Timothy J. Wood
2000-Nov-26 19:42 UTC
[vorbis-dev] Another good optimization (for PPC only, though)
Using the PPC frsqrte and fres instructions, I got the percentage time take in the smoothing code in _vp_compute_mask() down from 13.64% to 1.88% of the running time. In my local copy of Vorbis I have a fast_math.[hc] in vorbis/lib and have a _fast_sqrt() inline in fast_math.h. If anyone else wants to try it out, it follows. I can currently encode my test file (the first 15 seconds of Supervixen by Garbage) in about 11.1 seconds. Faster than real time, at least :) -tim #if defined(__ppc__) // Vanilla PPC code, but since PPC has a reciprocal square root estimate instruction, // runs *much* faster than calling sqrt(). We'll use two Newton-Raphson // refinement steps to get bunch more precision in the 1/sqrt() value for very little cost. // We'll then invert using the PPC reciprocal estimate instruction and also refine that // (although we should only need a single refinement step there). // This is about 8.8 times faster than sqrt() and according to my testing (not exhaustive) // it returns fairly accurate results (error below 1.0e-5 up to 100000.0 in 0.1 increments). // In practice in Vorbis, it seems to do even better (the biggest error I saw was down in // the 1e-10 range). static inline float _fast_sqrt(float x) { const float half = 0.5; const float one = 1.0; float B, y0, y1; // This'll NaN if it hits frsqrte if (x == 0.0) return x; B = x; #ifdef __GNUC__ asm("frsqrte %0,%1" : "=f" (y0) : "f" (B)); #else y0 = __frsqrte(B); #endif /* First refinement step */ y1 = y0 + half*y0*(one - B*y0*y0); /* Second refinement step */ y0 = y1; y1 = y0 + half*y0*(one - B*y0*y0); /* Now that we have a good estimate of 1/sqrt(x) we need to invert it. We will also approximate this. */ B = y1; #ifdef __GNUC__ asm("fres %0,%1" : "=f" (y0) : "f" (B)); #else y0 = __fres(B); #endif /* Do a Newton-Rhapson refinement step on the reciprocal estimate */ y1 = y0 + y0*(1.0 - B*y0); return y1; } #else static inline double _fast_sqrt(double x) { return sqrt(x); } #endif -tim --- >8 ---- List archives: http://www.xiph.org/archives/ Ogg project homepage: http://www.xiph.org/ogg/ To unsubscribe from this list, send a message to 'vorbis-dev-request@xiph.org' containing only the word 'unsubscribe' in the body. No subject is needed. Unsubscribe messages sent to the list will be ignored/filtered.
David Riley
2000-Nov-26 20:57 UTC
[vorbis-dev] Another good optimization (for PPC only, though)

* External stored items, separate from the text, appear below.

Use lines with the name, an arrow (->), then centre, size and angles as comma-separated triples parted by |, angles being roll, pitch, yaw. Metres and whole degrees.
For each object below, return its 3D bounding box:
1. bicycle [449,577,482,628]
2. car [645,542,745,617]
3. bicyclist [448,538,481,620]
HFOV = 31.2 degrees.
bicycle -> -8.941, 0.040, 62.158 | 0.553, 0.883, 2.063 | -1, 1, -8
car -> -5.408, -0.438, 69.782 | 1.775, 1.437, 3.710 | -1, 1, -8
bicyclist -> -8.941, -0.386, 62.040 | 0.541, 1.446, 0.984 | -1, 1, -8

"Timothy J. Wood" wrote:> > #if defined(__ppc__) > // Vanilla PPC code, but since PPC has a reciprocal square root estimate instruction, > // runs *much* faster than calling sqrt(). We'll use two Newton-Raphson > // refinement steps to get bunch more precision in the 1/sqrt() value for very little cost.This should also do nicely with 3dnow, which has similar instructions. I dunno about SSE, I don't know the instruction set or have a processor with which to test it. If no one else wants to work on this, I'll try in a few days (once a new CPU comes for my Linux box, which is down ATM). --- >8 ---- List archives: http://www.xiph.org/archives/ Ogg project homepage: http://www.xiph.org/ogg/ To unsubscribe from this list, send a message to 'vorbis-dev-request@xiph.org' containing only the word 'unsubscribe' in the body. No subject is needed. Unsubscribe messages sent to the list will be ignored/filtered.
Segher Boessenkool
2000-Nov-27 07:27 UTC
[vorbis-dev] Another good optimization (for PPC only, though)

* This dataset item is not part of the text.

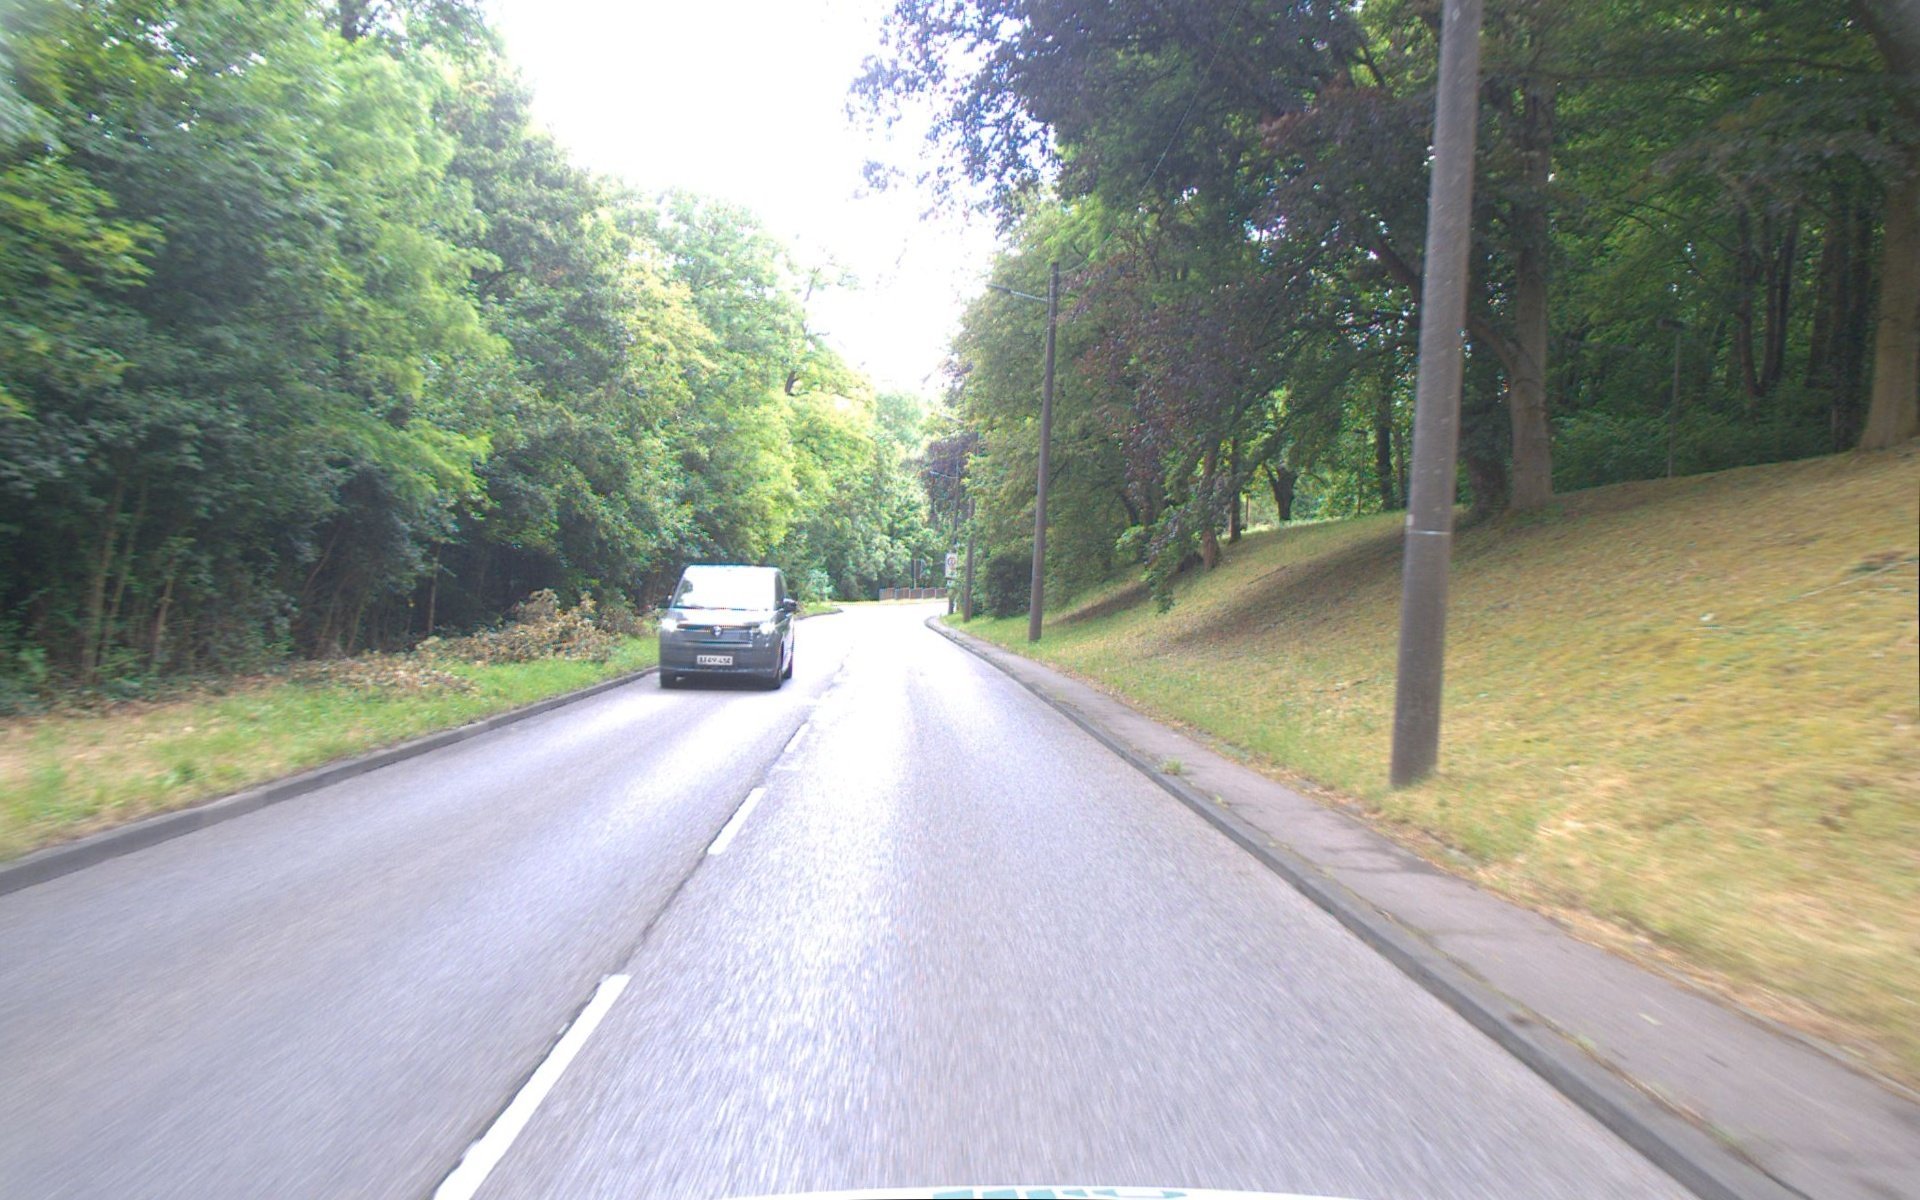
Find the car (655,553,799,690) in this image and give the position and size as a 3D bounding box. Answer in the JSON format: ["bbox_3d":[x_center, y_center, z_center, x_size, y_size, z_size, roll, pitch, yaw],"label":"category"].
[{"bbox_3d":[-3.686,0.324,26.952,1.954,1.982,4.941,2,0,-4],"label":"car"}]

> // Vanilla PPC code, but since PPC has a reciprocal square root estimate instruction, > // runs *much* faster than calling sqrt(). We'll use two Newton-Raphson > // refinement steps to get bunch more precision in the 1/sqrt() value for very little cost. > // We'll then invert using the PPC reciprocal estimate instruction and also refine that > // (although we should only need a single refinement step there).Nonononono! If you got y = 1/sqrt(x), then "y *= x;" will give you y = sqrt(x), easier, cheaper & better :-)> if (x == 0.0)There are separate +0.0 and -0.0, so you better watch out.> /* Second refinement step */ > y0 = y1; > y1 = y0 + half*y0*(one - B*y0*y0);Why the copying? Ciao, Segher --- >8 ---- List archives: http://www.xiph.org/archives/ Ogg project homepage: http://www.xiph.org/ogg/ To unsubscribe from this list, send a message to 'vorbis-dev-request@xiph.org' containing only the word 'unsubscribe' in the body. No subject is needed. Unsubscribe messages sent to the list will be ignored/filtered.
Timothy J. Wood
2000-Nov-27 07:52 UTC
[vorbis-dev] Another good optimization (for PPC only, though)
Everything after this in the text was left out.